Newsletter |

MSF Alert Summer 2017 - New drugs, new hope: fighting drug-resistant tuberculosis in Georgia

 

Dr. Gocha Salia, looking at Eldar's X-ray at Senaki Ambulatory point. Georgia 2017 © Daro Sulakauri The morning sky is veiled by steel-gray clouds when Eldar arrives for his appointment at the local hospital in the town of Senaki, in rural western Georgia, deep in the Caucasus. Rail-thin and smartly dressed in a twill blazer and jeans, the 29-year-old has been battling tuberculosis (TB) since 2006. Back then, Eldar’s doctor put him on treatment for multi-drug resistant TB, a long and complicated regimen he was unable to complete. In 2016, ten years after his original diagnosis, Eldar was still sick, and still tested positive for the disease.

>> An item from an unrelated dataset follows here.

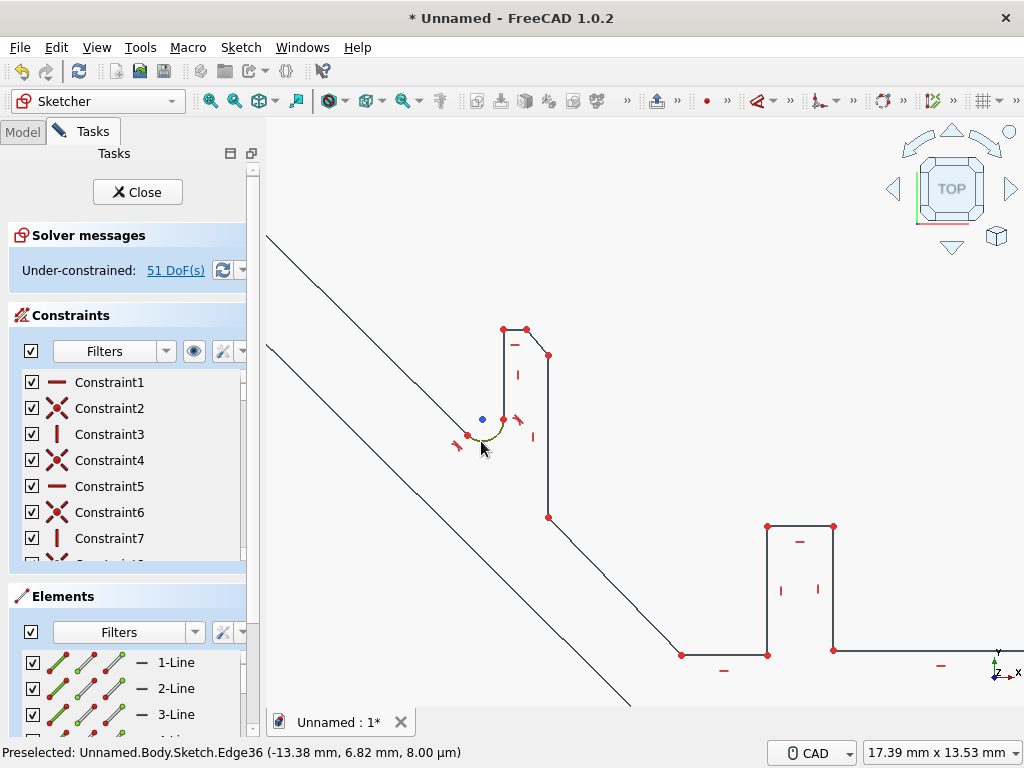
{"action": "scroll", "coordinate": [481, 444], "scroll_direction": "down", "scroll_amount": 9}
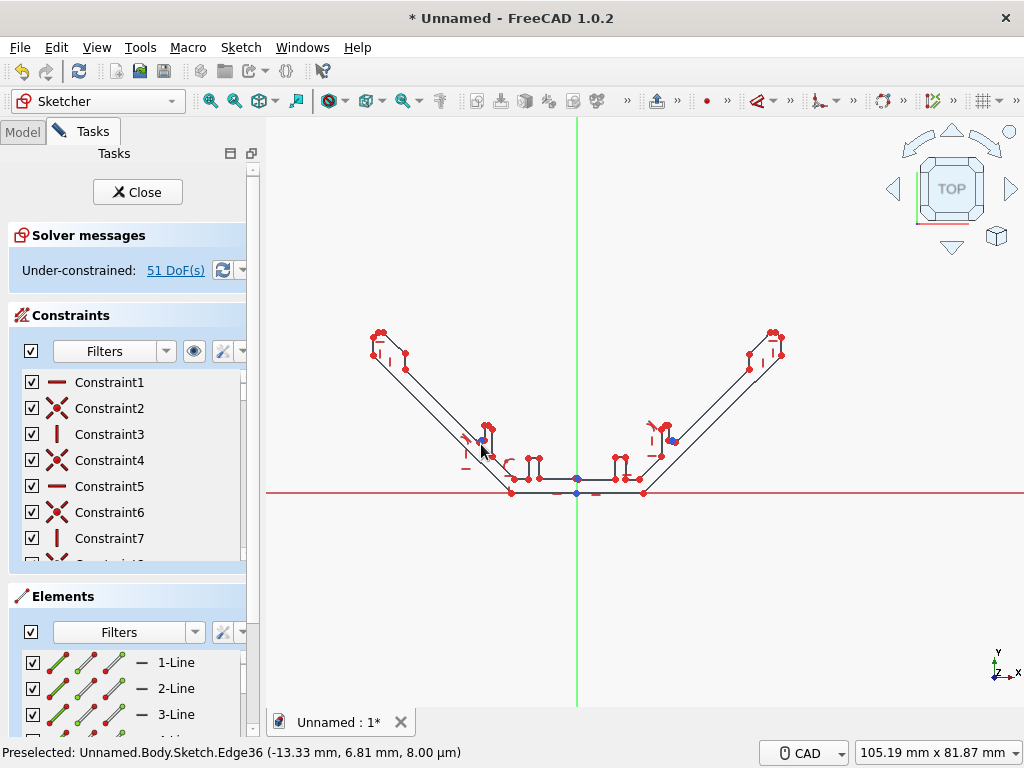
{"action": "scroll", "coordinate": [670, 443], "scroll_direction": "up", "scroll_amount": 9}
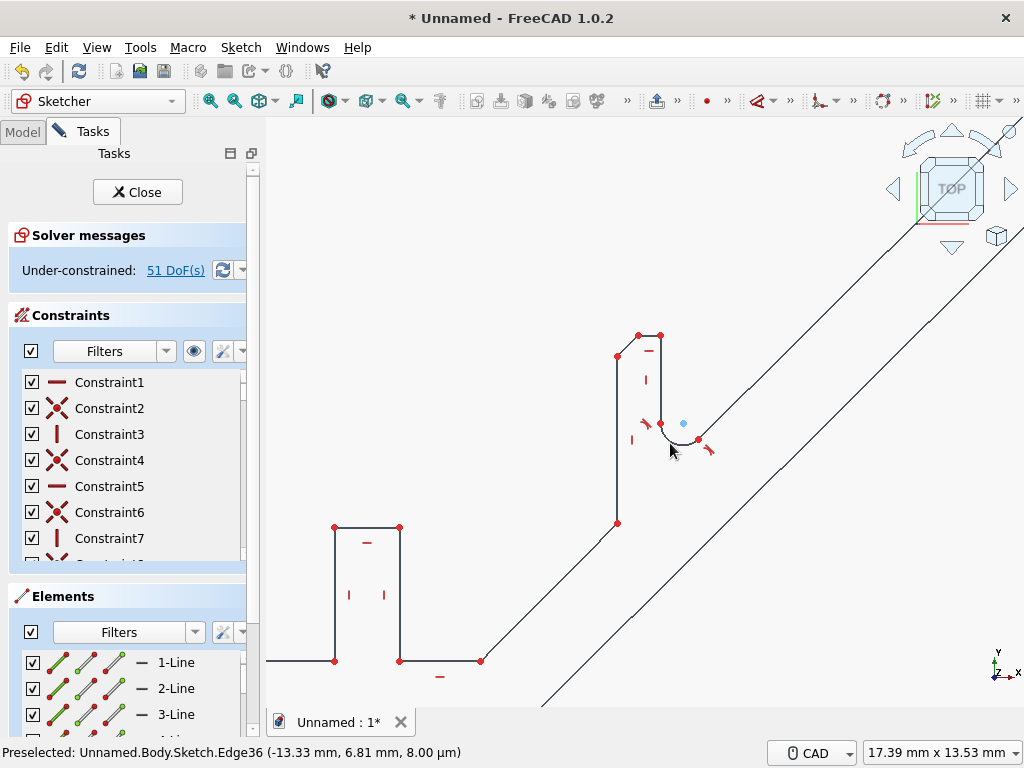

He was referred to the Doctors Without Borders/Médecins Sans Frontières (MSF) program near Senaki, where he was enrolled in a new treatment using bedaquiline and delamanid, the first new tuberculosis drugs developed in nearly 50 years. After almost two more years of grueling treatment using these new compounds, Eldar recently received the news that he had finally tested negative. Light rain begins to fall as he climbs the crumbling cement steps of the hospital and enters the small consultation area, where he will meet with his MSF doctor and counselor for a follow-up. It’s an appointment he hopes will be one of his last. Once considered all but defeated in Georgia, TB re-emerged as a major threat to public health after the collapse of the Soviet Union. During the years of conflict, displacement, and privation that came afterward, outdated and poorly followed treatment practices led to increased drug resistance. Though the incidence of tuberculosis is lower here than in some other countries in the region, Georgia is grappling with a particularly high burden of drug-resistant TB. For patients with these forms of the disease, the standard antibiotic treatments simply do not work. Read the full story in MSF-USA's Alert, Summer 2017.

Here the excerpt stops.